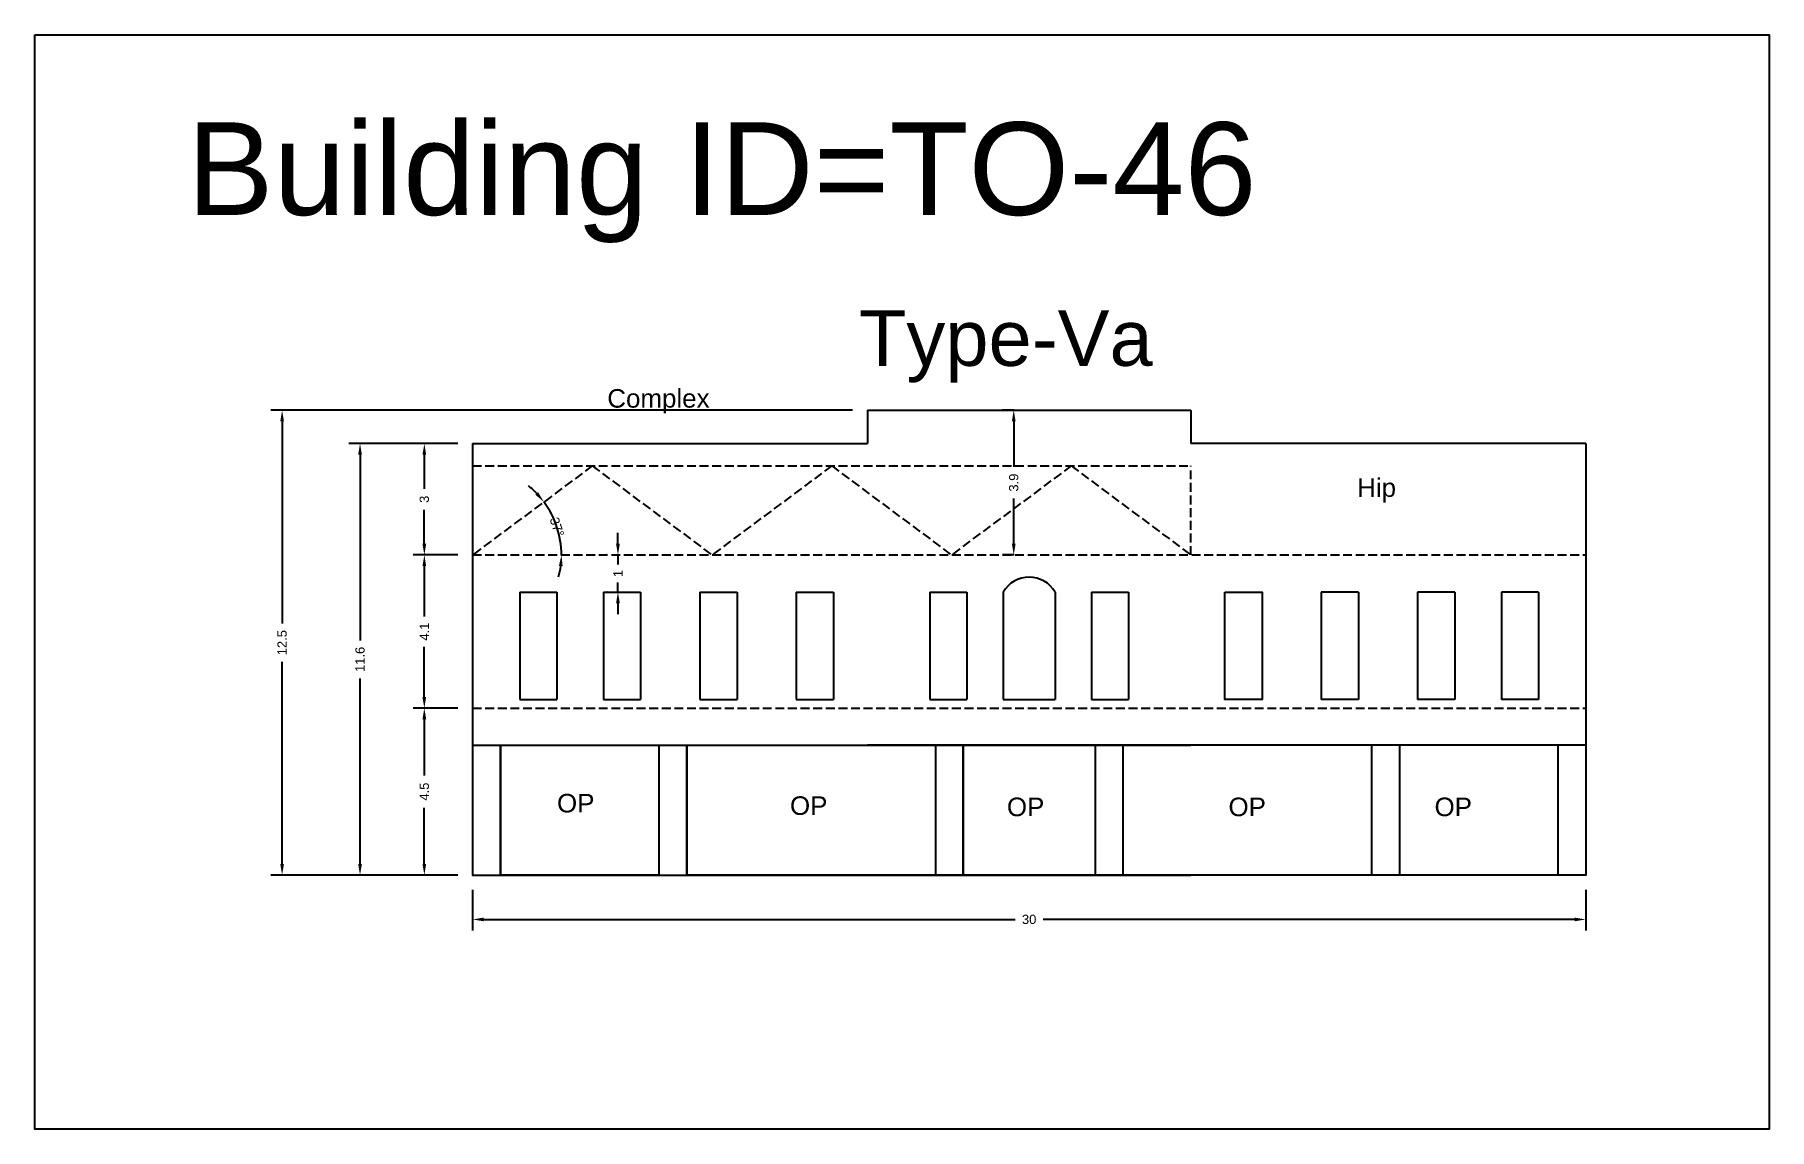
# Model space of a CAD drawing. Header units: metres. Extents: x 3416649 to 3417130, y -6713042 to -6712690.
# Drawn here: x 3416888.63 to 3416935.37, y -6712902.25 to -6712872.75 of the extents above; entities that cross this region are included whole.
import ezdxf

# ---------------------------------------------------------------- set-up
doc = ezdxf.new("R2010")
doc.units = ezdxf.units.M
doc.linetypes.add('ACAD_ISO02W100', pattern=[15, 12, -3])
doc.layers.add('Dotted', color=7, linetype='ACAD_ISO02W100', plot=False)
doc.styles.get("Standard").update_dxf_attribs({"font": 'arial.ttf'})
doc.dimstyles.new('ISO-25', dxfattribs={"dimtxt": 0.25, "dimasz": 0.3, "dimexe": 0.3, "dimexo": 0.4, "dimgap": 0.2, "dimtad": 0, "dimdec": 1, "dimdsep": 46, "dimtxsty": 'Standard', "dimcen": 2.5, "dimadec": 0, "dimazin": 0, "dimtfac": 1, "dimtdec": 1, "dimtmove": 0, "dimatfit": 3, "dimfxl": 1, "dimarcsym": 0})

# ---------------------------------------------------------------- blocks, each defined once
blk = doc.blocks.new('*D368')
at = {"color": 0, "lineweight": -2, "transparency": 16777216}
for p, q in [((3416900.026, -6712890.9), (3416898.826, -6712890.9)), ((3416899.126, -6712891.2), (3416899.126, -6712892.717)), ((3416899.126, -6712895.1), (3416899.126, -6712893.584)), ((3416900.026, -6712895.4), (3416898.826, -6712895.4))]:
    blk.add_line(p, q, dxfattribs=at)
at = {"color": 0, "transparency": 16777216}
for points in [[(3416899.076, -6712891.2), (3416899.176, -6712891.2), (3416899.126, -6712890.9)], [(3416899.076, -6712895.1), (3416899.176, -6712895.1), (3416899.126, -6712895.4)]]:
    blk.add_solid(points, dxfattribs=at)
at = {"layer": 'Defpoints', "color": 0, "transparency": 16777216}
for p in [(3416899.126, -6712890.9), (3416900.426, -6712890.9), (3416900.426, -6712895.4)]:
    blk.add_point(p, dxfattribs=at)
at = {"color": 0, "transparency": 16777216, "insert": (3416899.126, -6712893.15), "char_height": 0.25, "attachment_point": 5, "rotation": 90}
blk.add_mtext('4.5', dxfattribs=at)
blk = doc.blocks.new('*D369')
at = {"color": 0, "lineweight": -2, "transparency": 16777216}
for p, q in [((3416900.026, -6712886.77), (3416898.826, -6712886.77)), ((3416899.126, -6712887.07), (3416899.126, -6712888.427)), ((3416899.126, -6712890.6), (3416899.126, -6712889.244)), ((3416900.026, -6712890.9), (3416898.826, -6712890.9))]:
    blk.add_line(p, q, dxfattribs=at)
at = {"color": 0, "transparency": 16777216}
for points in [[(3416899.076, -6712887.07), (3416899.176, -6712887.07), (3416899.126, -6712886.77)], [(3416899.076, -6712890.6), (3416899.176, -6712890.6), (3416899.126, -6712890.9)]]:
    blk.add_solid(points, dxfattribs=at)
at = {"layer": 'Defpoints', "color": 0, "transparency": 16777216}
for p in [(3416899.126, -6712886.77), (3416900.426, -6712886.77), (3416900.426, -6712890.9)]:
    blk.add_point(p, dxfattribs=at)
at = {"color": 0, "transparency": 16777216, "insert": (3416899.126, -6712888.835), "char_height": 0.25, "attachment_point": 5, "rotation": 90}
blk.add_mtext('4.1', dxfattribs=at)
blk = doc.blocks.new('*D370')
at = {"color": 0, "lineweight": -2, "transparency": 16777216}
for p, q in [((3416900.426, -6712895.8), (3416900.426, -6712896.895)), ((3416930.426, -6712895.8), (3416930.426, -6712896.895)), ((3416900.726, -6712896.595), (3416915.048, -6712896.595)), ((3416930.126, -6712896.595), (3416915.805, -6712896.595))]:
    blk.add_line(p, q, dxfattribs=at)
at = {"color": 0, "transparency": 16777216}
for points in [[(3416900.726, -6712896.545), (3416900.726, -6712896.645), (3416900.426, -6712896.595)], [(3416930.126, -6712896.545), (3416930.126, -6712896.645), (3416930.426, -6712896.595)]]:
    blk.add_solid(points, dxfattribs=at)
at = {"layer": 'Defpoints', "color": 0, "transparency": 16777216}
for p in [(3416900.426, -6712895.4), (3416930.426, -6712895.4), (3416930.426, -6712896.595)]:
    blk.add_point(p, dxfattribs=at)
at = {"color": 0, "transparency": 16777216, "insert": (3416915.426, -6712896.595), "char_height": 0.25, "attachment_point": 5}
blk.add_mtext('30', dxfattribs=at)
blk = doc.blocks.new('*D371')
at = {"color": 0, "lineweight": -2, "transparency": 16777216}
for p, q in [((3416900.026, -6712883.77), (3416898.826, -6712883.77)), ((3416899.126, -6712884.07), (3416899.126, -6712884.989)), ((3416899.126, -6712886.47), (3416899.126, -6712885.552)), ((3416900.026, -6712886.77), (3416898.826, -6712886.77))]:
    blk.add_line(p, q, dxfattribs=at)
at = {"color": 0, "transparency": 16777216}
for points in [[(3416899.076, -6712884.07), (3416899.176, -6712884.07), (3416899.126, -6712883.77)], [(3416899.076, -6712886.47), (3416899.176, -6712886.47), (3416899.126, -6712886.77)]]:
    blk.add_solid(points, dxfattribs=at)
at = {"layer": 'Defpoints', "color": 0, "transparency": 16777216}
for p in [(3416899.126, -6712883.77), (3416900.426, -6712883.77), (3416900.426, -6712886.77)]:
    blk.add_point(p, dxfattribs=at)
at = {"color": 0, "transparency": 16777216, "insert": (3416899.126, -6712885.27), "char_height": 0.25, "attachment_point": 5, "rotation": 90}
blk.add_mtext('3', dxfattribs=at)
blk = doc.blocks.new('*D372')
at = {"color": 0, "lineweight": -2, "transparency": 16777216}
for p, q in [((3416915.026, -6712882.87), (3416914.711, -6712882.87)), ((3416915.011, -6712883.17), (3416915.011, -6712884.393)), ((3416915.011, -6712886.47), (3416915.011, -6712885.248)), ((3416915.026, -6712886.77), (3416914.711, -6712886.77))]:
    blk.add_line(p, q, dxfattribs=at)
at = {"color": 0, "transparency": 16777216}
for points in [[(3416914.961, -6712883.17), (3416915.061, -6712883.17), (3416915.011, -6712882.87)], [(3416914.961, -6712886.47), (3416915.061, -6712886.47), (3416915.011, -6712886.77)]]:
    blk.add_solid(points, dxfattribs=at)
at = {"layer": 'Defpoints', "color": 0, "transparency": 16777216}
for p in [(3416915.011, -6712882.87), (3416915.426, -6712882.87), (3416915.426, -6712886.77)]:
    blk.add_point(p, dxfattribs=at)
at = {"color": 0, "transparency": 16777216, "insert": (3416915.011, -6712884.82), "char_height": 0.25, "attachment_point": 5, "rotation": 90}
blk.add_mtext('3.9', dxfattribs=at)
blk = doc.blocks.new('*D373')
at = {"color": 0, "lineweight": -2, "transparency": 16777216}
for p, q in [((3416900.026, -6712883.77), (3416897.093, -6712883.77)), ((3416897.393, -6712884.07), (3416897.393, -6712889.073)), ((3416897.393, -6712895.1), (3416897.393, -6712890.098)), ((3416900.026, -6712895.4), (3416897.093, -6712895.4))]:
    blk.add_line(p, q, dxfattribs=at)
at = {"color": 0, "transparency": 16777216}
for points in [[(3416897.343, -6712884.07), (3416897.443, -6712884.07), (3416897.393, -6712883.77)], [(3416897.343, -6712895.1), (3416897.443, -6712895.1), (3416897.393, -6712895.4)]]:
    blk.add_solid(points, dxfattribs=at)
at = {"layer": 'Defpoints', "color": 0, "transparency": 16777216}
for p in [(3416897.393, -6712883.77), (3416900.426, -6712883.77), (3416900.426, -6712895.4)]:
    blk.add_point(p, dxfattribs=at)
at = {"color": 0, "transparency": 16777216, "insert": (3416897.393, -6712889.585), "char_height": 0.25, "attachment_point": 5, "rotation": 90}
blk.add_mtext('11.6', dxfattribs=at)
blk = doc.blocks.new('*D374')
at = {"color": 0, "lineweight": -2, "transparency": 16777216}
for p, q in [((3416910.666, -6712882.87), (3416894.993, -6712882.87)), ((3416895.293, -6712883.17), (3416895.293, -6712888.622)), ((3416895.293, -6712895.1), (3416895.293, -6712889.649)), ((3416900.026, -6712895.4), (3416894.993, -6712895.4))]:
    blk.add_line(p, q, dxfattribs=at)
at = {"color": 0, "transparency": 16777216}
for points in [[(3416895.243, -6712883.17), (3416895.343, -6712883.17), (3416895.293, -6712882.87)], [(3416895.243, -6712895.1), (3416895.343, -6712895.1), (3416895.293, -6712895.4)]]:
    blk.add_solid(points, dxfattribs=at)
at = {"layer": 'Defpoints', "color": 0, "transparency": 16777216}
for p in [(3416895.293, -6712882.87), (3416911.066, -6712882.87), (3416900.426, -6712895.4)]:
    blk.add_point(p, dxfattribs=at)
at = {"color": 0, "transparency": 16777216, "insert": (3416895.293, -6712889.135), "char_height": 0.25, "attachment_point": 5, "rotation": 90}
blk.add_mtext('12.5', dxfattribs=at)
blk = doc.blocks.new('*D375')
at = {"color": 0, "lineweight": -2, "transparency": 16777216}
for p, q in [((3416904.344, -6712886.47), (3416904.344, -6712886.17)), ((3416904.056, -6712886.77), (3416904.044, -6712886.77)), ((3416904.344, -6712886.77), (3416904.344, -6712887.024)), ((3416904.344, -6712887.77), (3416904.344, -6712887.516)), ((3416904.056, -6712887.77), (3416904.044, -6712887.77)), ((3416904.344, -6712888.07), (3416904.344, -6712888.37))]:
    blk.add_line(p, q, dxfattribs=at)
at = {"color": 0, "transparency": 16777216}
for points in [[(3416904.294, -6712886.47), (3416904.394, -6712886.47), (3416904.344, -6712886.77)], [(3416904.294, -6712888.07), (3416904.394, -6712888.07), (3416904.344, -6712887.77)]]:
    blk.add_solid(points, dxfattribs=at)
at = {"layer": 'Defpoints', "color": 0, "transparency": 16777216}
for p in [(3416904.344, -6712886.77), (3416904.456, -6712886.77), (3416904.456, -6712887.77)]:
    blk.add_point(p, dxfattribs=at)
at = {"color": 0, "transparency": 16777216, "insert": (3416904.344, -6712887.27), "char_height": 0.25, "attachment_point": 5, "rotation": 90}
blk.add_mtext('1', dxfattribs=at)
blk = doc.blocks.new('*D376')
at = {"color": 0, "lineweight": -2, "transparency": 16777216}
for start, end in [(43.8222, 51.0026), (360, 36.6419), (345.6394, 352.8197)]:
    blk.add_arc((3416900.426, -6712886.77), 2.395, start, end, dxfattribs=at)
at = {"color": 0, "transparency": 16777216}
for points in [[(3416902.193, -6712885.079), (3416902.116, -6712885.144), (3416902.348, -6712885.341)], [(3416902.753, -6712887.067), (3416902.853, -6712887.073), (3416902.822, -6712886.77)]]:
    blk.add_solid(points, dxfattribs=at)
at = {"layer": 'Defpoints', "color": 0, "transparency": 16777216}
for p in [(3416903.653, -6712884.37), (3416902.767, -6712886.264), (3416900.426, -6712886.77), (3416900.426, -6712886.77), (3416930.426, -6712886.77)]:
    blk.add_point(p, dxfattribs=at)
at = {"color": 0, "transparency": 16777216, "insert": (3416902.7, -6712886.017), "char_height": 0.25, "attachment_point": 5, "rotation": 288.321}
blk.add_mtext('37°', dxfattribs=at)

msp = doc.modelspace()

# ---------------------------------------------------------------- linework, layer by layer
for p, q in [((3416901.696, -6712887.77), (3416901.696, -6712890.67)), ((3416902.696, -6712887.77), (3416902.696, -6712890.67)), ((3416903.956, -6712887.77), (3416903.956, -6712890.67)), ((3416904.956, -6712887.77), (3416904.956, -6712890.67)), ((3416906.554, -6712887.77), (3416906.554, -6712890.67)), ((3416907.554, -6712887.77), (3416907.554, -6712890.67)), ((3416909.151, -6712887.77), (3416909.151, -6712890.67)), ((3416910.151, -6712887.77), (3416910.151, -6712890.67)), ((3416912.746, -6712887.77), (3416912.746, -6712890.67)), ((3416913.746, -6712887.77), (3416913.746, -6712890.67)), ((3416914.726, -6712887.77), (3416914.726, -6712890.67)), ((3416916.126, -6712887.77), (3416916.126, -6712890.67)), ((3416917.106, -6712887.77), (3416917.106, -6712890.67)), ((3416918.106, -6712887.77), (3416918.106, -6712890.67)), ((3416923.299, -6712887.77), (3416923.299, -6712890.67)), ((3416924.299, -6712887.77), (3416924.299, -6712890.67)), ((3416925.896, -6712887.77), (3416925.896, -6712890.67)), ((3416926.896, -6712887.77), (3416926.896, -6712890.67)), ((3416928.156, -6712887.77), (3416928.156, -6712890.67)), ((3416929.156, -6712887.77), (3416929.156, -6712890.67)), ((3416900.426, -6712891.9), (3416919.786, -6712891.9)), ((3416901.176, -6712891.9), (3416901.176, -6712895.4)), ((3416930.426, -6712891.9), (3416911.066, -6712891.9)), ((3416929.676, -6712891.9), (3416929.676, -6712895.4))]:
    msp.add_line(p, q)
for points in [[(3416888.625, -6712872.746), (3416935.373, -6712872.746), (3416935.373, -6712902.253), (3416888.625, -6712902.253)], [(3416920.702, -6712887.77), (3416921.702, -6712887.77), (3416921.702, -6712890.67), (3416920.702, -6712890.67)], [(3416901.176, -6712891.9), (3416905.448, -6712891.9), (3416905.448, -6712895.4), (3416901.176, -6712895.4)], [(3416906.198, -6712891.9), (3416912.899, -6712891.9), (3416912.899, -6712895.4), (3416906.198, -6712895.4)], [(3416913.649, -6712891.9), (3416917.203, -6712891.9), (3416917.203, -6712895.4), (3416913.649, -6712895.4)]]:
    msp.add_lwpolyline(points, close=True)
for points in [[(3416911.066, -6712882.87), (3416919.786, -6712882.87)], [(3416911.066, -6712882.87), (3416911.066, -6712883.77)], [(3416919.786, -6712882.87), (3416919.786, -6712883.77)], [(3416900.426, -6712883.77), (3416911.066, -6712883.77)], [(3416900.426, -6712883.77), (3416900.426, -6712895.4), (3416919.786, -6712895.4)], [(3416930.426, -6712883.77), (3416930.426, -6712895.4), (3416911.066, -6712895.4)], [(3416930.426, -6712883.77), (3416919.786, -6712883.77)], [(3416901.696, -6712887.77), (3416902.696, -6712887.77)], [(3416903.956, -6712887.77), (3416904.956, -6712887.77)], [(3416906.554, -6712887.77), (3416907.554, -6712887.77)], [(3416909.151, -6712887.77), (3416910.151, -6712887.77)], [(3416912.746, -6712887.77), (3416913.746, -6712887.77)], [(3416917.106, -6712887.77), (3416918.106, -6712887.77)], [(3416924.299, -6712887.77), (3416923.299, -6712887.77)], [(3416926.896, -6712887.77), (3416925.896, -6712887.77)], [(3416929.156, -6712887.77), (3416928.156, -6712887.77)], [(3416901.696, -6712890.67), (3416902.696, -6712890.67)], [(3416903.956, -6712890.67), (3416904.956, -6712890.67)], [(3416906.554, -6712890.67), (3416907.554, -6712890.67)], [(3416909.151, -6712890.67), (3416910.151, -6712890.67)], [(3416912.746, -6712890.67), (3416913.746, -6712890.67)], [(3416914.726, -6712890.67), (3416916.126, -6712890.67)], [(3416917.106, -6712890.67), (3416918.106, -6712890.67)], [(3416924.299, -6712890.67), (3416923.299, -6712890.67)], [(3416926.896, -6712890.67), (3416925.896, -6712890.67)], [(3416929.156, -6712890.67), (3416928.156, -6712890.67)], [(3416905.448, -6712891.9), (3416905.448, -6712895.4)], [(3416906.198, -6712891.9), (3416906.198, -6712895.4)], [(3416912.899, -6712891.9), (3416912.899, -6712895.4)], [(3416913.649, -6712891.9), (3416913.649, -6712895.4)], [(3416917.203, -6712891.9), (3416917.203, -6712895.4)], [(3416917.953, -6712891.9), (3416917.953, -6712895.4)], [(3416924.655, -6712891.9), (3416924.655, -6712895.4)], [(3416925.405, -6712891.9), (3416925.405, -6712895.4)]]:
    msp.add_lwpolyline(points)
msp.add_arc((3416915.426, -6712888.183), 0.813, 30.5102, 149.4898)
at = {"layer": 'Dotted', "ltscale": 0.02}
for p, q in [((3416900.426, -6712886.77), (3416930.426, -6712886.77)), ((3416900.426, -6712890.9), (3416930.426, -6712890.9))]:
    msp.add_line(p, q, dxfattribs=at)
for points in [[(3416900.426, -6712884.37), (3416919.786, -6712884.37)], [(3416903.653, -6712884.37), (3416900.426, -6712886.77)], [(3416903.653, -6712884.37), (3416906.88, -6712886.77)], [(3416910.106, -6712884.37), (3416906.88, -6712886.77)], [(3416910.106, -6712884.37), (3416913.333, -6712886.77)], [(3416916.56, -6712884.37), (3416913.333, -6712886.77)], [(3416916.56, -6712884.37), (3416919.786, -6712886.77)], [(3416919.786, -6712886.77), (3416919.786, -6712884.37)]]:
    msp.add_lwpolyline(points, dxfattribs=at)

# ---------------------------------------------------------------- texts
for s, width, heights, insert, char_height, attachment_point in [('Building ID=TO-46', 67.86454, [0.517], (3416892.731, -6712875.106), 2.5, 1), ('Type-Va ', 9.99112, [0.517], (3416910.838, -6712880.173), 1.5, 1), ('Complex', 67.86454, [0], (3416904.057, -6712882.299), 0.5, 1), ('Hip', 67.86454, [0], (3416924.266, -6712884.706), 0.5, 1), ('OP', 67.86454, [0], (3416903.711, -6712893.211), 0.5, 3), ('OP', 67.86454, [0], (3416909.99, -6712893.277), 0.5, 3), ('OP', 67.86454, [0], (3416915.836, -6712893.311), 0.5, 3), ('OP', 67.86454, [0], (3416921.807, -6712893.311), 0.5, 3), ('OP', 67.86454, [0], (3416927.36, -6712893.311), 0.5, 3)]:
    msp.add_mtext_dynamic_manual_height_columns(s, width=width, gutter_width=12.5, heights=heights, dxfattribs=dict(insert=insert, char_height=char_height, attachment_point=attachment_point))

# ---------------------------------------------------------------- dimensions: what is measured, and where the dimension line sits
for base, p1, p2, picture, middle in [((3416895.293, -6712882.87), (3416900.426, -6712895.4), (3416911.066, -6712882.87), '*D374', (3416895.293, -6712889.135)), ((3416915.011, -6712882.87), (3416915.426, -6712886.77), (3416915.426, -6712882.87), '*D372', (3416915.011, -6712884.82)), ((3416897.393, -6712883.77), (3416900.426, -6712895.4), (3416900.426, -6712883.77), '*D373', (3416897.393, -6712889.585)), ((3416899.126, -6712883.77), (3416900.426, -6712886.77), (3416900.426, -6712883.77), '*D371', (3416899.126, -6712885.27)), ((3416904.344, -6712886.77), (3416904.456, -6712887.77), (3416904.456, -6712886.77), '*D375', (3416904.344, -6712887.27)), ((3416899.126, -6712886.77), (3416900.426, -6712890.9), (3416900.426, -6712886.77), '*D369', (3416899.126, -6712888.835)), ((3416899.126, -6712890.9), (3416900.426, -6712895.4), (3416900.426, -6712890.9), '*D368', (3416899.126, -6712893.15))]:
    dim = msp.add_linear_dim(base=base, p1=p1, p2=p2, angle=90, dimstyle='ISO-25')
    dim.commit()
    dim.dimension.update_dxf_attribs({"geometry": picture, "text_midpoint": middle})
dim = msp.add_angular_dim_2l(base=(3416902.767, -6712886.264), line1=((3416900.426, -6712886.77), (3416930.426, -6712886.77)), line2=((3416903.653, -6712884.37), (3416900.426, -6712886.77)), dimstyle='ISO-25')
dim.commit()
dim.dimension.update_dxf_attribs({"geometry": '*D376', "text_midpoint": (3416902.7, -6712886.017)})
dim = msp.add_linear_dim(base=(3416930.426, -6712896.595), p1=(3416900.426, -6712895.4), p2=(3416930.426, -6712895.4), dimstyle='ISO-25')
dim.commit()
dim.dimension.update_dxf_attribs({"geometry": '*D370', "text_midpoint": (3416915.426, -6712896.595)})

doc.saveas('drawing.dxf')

_____

Problem: Pick out the lines above containing the word "heights", then copy them.

Response for this exercise:
for s, width, heights, insert, char_height, attachment_point in [('Building ID=TO-46', 67.86454, [0.517], (3416892.731, -6712875.106), 2.5, 1), ('Type-Va ', 9.99112, [0.517], (3416910.838, -6712880.173), 1.5, 1), ('Complex', 67.86454, [0], (3416904.057, -6712882.299), 0.5, 1), ('Hip', 67.86454, [0], (3416924.266, -6712884.706), 0.5, 1), ('OP', 67.86454, [0], (3416903.711, -6712893.211), 0.5, 3), ('OP', 67.86454, [0], (3416909.99, -6712893.277), 0.5, 3), ('OP', 67.86454, [0], (3416915.836, -6712893.311), 0.5, 3), ('OP', 67.86454, [0], (3416921.807, -6712893.311), 0.5, 3), ('OP', 67.86454, [0], (3416927.36, -6712893.311), 0.5, 3)]:
    msp.add_mtext_dynamic_manual_height_columns(s, width=width, gutter_width=12.5, heights=heights, dxfattribs=dict(insert=insert, char_height=char_height, attachment_point=attachment_point))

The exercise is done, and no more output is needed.